Why arbitration reform in Russia failed?
GOALS OF RUSSIAN ARBITRATION REFORM
Creation of a normal, world-class system of arbitration
The principal goal of the Russian arbitration reform was the establishment of a "normal, world-class system of arbitration".2
The term “world-class” should obviously be understood to refer to such centers of international arbitration as England, France, Switzerland, the USA, Germany, Sweden, Singapore and Hong Kong (the countries of the "First Group").
And, most likely, “world-class” should not be understood as referring to such countries as Costa Rica, Ecuador, Nicaragua, Panama, Peru, Angola, Mozambique, Zambia, Uganda, Bahrain, Ukraine, Latvia and Uzbekistan, where the government directly or indirectly controls the formation of arbitration courts3 (the countries of the "Second Group").

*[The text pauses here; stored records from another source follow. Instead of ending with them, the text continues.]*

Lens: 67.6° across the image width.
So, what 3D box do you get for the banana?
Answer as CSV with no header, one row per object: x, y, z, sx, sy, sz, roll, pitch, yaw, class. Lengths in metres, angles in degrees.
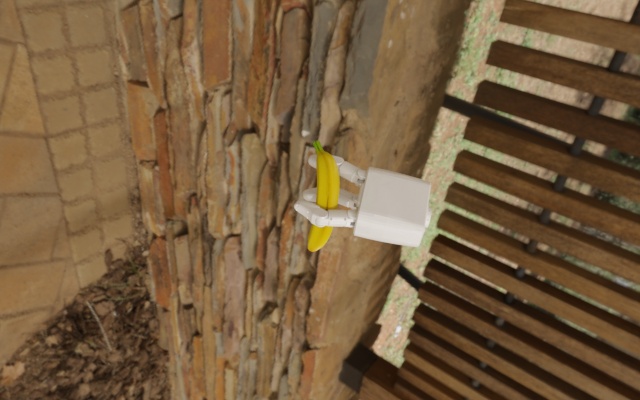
0.005,0.006,0.786,0.037,0.198,0.069,0,21,-15,banana
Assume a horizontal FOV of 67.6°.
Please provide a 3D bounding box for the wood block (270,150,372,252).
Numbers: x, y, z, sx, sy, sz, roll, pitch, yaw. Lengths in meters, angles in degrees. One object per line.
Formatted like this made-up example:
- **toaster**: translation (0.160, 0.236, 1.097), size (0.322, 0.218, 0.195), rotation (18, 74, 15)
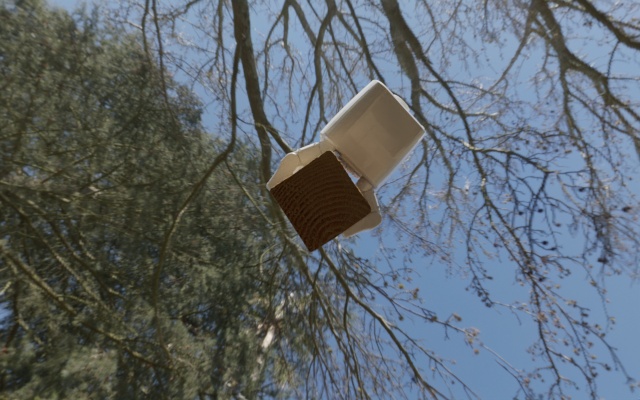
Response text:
- **wood block**: translation (0.001, 0.002, 0.654), size (0.090, 0.091, 0.206), rotation (-34, -1, 0)
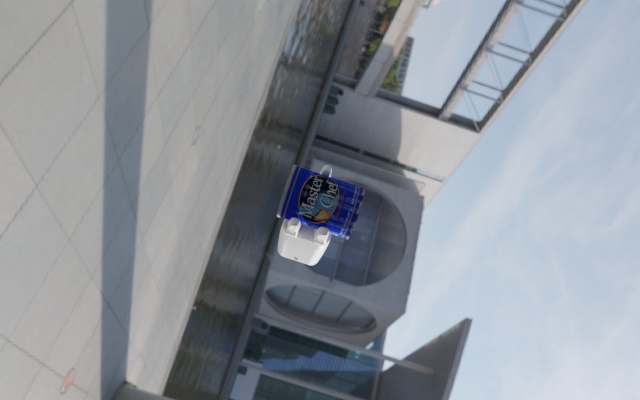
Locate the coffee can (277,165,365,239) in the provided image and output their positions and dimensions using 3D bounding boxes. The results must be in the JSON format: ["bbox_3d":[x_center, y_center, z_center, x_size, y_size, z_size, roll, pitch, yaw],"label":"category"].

Unfortunately, as will be demonstrated below, the measures introduced in Russia as a result of the arbitration reform were borrowed from the practice existing not in countries of the First Group, but in those of the Second one.
Four components of the success of an arbitration venue
Success of arbitration venue is based on four pillars:
Liberal arbitration law;
A qualified and mature arbitration community;
Reliable arbitral institutions.
1 The analysis presented below constitutes the author's personal point of view, not related to his activities in various companies and organizations. This article presents an updated version of the note sent to M. L. Galperin in December 2017.
2 M. G. Galperin Presentation at Conference ICC Russia 28 November 2017: "The final result, business as a consumer of arbitration services posed the question to the government of creating in our country a normal system of arbitration on a world-class level. In turn, this assignment was put forth by the President and the Government to the Ministry of Justice."